The remarkable WeightedEnsemble_L3 was the model that performed the best out of all the ones I trained. Its resilience and capacity to integrate knowledge from several models turned out to be crucial in attaining increased prediction precision.
After conducting extensive exploratory data analysis, I noticed a significant link between the "temp" and "atemp" variables. As a result, I took the deliberate choice to remove "atemp" from the feature set. Furthermore, I saw that the recorded "datetime" information was hourly, so I creatively separated day, month, year, and hour as distinct aspects. I also used categorical data type conversions for specific variables to improve the model's knowledge of the data.
How much better did your model preform after adding additional features and why do you think that is?
The incorporation of new features led to a significant boost in the model's performance. The error rate decreased significantly, showing that the model got a better knowledge of the underlying patterns and dynamics in the dataset. By expanding the feature set, the model was able to extract more significant insights, resulting in higher prediction accuracy.

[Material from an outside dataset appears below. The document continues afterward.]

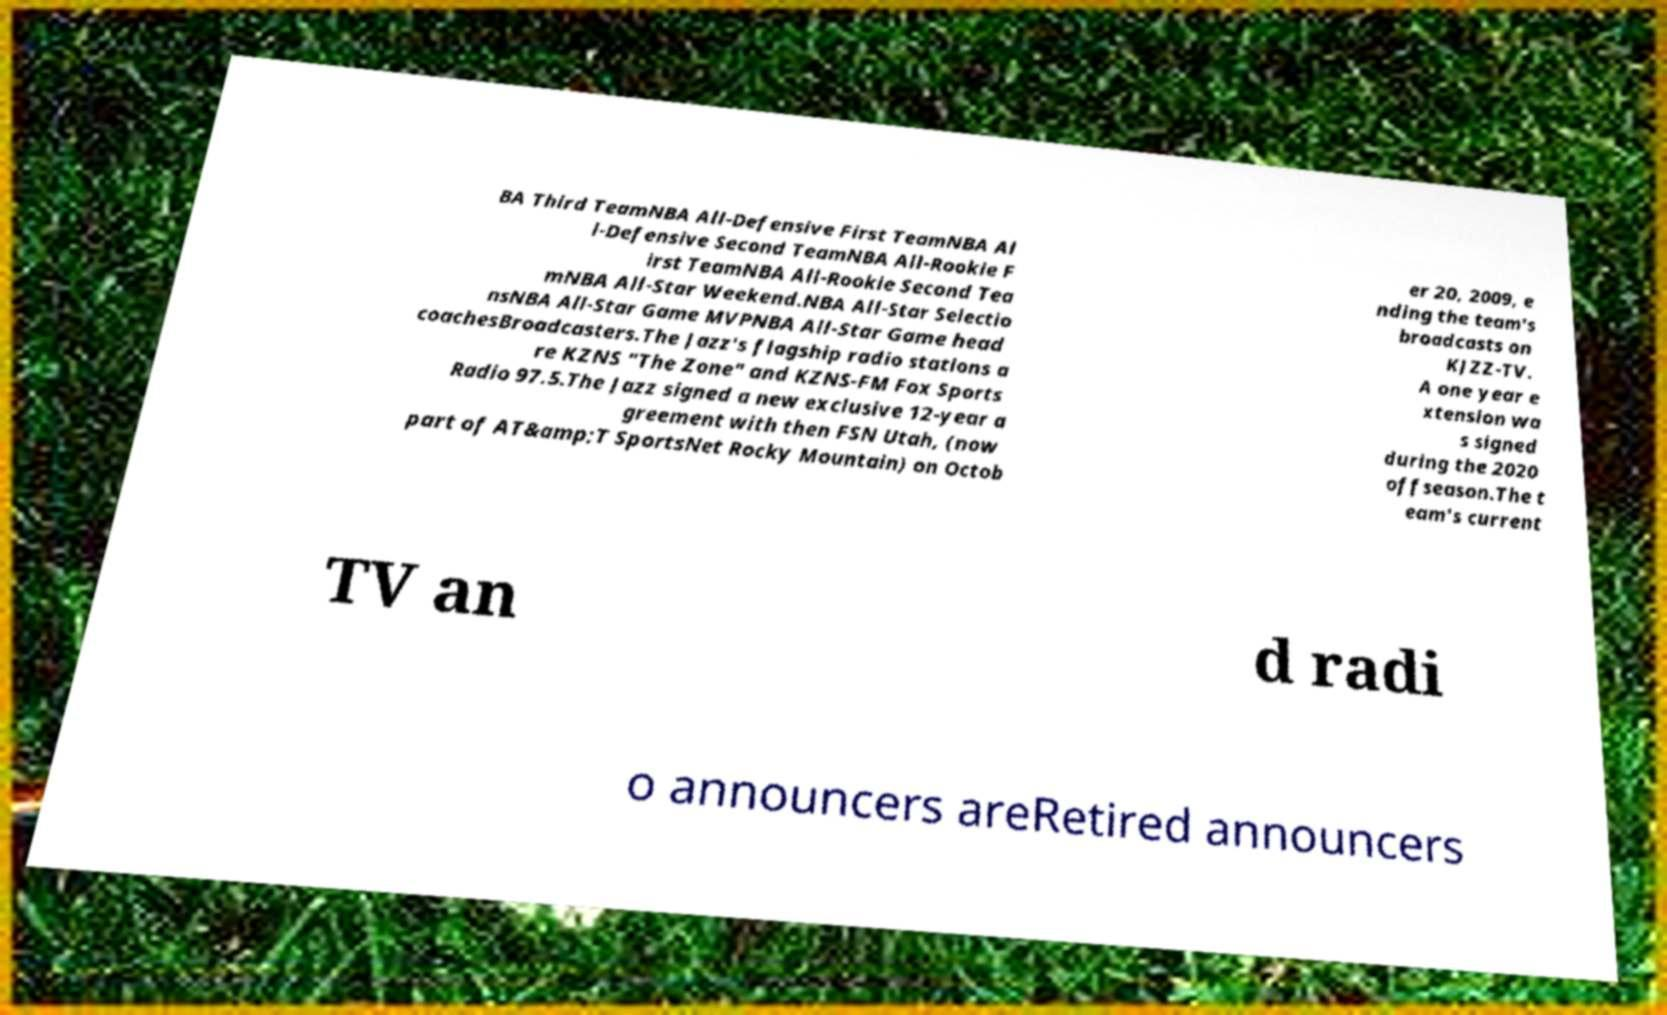I need the written content from this picture converted into text. Can you do that? BA Third TeamNBA All-Defensive First TeamNBA Al l-Defensive Second TeamNBA All-Rookie F irst TeamNBA All-Rookie Second Tea mNBA All-Star Weekend.NBA All-Star Selectio nsNBA All-Star Game MVPNBA All-Star Game head coachesBroadcasters.The Jazz's flagship radio stations a re KZNS "The Zone" and KZNS-FM Fox Sports Radio 97.5.The Jazz signed a new exclusive 12-year a greement with then FSN Utah, (now part of AT&amp;T SportsNet Rocky Mountain) on Octob er 20, 2009, e nding the team's broadcasts on KJZZ-TV. A one year e xtension wa s signed during the 2020 offseason.The t eam's current TV an d radi o announcers areRetired announcers 
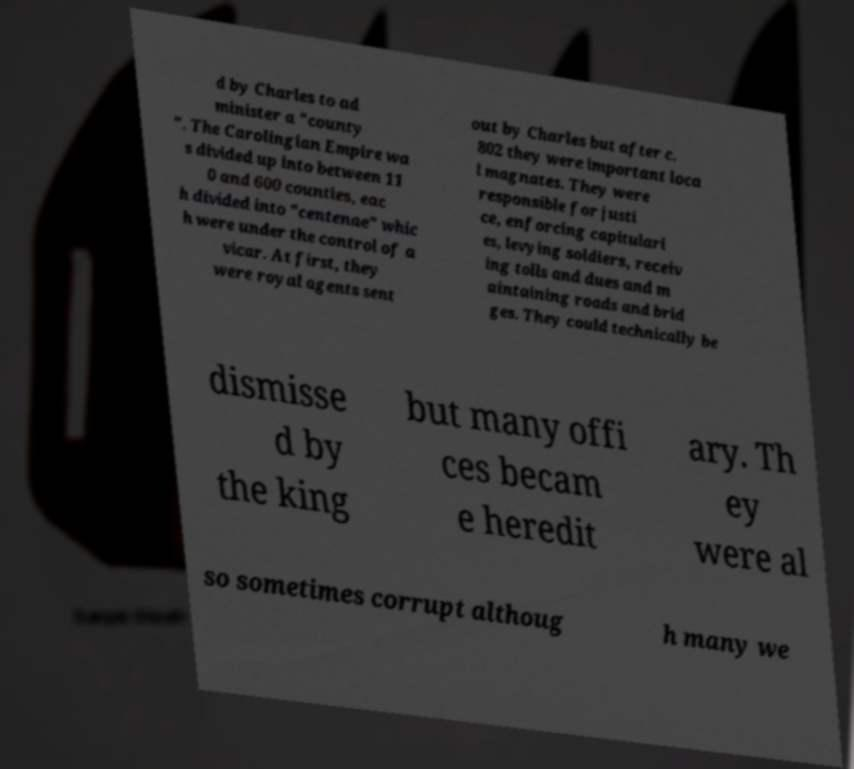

model | hpo1 | hpo2 | hpo3 | score |
---|---|---|---|---|
initial | default_values | default_values | default_values | 1.80 |
add_features | default_values | default_values | default_values | 0.72 |
hpo | GBM: num_leaves: lower=26, upper=66 | XGB: max_depth lower=5, upper=9 | refit_full='best' | 0.49 |
Create a line plot showing the top model score for the three (or more) training runs during the project
Create a line plot showing the top kaggle score for the three (or more) prediction submissions during the project
In summary, I used the first lesson's courses to my project. I used AutoGluon to train a model that predicts how many bikes would be leased in a given hour. I originally submitted the proposal with no analysis or feature engineering. The model performed miserably. I was able to enhance the model by adding new features and adjusting the hyperparameters. I managed to minimize the error from 1.80 to 0.49.